%%

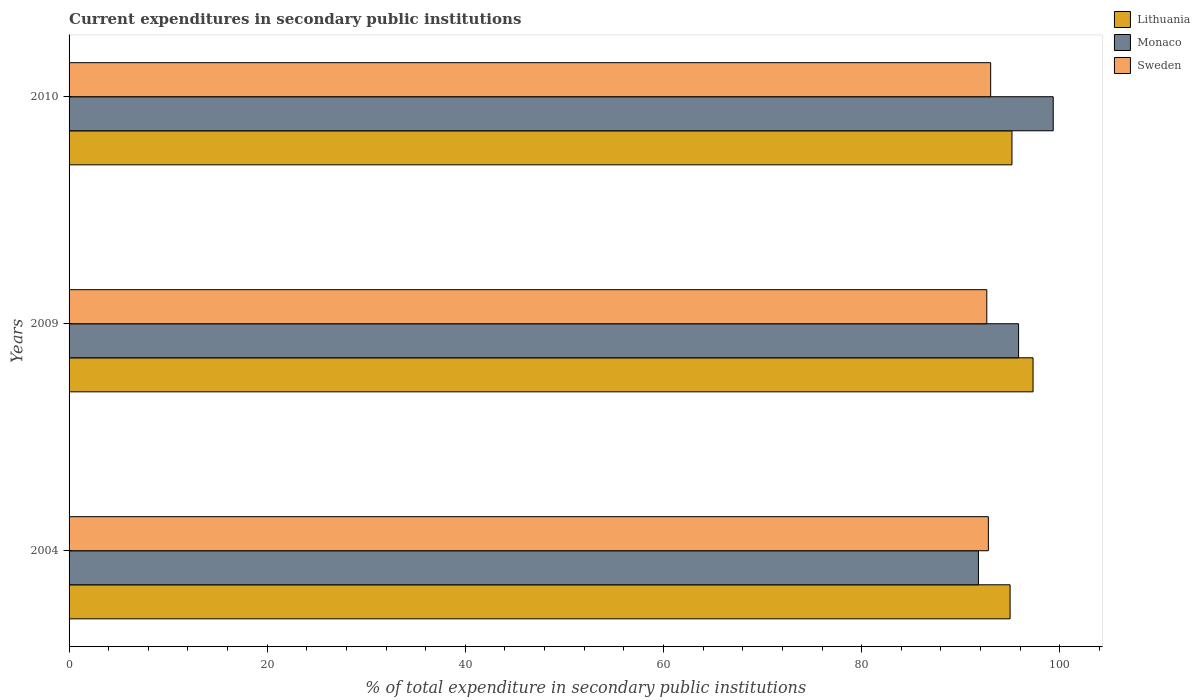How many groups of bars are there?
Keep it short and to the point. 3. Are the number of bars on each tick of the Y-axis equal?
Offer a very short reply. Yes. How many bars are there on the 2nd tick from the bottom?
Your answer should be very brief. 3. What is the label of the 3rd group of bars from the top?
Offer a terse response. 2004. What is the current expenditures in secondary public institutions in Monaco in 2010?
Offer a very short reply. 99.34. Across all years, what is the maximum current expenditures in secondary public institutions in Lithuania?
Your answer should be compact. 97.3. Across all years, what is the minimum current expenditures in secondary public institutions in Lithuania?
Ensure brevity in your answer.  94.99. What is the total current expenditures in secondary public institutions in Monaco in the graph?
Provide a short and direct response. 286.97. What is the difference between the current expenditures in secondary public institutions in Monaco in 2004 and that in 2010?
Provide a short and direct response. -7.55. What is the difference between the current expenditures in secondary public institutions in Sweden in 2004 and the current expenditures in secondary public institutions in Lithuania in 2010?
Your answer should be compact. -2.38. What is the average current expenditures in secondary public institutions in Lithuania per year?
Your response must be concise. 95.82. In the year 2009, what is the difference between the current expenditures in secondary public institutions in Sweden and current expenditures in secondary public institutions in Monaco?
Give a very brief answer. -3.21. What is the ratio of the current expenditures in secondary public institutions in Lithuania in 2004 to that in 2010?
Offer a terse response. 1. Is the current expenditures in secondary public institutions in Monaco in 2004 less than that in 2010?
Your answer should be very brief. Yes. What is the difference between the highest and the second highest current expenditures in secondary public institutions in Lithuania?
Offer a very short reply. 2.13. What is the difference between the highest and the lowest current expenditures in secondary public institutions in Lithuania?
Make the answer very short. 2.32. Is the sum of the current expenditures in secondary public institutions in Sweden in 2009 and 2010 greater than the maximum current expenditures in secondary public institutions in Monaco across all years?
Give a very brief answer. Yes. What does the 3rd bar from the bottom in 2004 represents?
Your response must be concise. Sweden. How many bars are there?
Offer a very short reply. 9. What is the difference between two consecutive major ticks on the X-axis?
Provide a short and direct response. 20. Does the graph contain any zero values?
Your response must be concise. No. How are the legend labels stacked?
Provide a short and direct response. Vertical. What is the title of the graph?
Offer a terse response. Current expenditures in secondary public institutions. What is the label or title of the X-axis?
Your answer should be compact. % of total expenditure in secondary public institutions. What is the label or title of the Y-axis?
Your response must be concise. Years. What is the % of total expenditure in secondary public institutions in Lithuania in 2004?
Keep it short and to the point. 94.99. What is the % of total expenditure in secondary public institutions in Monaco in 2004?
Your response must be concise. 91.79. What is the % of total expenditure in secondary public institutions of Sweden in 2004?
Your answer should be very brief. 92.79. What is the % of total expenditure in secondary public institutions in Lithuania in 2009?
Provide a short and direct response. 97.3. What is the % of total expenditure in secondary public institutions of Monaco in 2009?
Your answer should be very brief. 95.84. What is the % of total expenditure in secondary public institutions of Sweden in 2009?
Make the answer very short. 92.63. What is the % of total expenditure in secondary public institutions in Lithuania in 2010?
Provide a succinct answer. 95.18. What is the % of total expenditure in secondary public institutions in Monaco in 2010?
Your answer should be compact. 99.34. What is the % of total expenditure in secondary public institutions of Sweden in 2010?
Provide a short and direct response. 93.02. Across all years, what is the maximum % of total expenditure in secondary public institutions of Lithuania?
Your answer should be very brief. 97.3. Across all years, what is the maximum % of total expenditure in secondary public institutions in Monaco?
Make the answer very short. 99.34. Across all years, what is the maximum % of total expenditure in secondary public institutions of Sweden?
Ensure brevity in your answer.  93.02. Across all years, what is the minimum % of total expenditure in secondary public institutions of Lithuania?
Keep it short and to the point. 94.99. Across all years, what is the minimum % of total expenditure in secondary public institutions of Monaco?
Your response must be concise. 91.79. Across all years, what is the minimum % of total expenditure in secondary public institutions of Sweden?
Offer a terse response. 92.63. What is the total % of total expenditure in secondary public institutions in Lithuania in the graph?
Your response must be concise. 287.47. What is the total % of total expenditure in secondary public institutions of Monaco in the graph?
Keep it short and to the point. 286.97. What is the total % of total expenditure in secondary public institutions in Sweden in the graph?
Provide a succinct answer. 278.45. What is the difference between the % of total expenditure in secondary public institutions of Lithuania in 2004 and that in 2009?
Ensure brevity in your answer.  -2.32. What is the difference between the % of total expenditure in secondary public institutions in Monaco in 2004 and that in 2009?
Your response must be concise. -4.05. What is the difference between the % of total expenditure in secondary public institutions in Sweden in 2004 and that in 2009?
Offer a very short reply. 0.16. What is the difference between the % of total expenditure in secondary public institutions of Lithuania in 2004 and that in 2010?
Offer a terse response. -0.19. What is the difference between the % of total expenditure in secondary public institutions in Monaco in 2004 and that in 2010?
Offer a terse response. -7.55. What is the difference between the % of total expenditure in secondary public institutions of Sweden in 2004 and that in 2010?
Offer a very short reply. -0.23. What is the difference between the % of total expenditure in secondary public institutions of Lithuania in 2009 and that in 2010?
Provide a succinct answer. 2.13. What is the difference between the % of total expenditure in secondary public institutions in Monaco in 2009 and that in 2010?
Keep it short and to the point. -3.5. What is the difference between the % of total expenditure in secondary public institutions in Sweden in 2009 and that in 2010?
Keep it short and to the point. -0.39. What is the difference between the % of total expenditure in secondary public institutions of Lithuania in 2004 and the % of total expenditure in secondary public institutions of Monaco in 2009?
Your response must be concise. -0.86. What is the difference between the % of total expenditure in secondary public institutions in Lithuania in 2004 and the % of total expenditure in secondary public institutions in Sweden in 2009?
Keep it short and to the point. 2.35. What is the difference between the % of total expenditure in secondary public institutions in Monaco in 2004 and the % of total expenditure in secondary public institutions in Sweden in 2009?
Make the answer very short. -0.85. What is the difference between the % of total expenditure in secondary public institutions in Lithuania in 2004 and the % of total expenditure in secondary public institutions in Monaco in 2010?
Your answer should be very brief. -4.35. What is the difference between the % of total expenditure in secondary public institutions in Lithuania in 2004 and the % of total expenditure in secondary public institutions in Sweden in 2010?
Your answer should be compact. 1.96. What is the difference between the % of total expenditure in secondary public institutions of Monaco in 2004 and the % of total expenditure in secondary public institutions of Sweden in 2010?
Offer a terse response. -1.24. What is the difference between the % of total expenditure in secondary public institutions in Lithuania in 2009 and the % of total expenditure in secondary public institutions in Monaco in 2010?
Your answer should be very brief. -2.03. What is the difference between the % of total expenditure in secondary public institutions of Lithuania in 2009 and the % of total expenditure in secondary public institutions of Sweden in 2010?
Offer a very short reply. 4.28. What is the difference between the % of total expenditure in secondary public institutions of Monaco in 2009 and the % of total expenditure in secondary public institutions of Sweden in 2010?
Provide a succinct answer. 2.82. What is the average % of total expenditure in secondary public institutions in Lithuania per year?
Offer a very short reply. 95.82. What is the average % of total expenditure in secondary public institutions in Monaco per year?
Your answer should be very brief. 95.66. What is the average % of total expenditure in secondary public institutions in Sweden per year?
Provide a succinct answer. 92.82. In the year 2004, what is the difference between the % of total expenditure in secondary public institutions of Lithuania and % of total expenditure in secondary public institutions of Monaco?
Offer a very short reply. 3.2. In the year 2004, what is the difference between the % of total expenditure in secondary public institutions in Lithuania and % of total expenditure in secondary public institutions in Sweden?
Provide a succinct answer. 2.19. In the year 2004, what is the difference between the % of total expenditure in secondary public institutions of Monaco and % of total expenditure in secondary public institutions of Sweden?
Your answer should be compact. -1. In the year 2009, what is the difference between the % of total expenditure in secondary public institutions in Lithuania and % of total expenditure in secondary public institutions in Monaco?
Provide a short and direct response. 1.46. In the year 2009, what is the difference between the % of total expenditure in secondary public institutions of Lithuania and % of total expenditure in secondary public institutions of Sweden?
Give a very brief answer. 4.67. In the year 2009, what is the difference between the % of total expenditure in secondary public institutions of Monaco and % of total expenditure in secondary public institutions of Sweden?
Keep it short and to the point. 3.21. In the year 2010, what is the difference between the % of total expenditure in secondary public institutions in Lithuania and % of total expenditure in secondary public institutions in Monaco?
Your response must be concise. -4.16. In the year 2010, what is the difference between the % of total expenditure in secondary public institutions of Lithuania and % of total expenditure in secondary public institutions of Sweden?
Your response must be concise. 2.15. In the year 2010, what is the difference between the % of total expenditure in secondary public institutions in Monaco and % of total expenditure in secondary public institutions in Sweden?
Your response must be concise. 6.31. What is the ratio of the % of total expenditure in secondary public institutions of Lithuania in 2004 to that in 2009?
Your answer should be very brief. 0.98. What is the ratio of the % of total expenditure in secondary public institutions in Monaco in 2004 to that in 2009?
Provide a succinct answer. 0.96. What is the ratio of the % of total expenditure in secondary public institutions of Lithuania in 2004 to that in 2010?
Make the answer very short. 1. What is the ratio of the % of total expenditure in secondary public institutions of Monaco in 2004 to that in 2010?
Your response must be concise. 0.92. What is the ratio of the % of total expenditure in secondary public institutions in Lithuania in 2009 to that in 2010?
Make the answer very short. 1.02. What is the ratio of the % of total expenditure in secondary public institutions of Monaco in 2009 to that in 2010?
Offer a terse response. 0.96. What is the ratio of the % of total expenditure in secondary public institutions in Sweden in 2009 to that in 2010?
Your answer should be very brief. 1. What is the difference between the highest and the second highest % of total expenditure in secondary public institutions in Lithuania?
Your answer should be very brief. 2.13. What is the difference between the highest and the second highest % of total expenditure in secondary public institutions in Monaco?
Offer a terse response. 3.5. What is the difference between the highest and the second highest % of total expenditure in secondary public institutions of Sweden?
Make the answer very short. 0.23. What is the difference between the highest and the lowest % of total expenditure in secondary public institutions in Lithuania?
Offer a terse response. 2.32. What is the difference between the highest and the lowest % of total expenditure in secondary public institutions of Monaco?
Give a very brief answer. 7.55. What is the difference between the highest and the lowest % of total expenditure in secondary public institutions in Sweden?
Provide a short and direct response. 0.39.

%%

WORK INSTRUCTIONS: In the material above, show every line where the word "minimum" turns up.

TASK ANSWER:
Your answer should be compact. 97.3. Across all years, what is the minimum current expenditures in secondary public institutions in Lithuania?
Ensure brevity in your answer.  93.02. Across all years, what is the minimum % of total expenditure in secondary public institutions of Lithuania?
Keep it short and to the point. 94.99. Across all years, what is the minimum % of total expenditure in secondary public institutions of Monaco?
Your response must be concise. 91.79. Across all years, what is the minimum % of total expenditure in secondary public institutions of Sweden?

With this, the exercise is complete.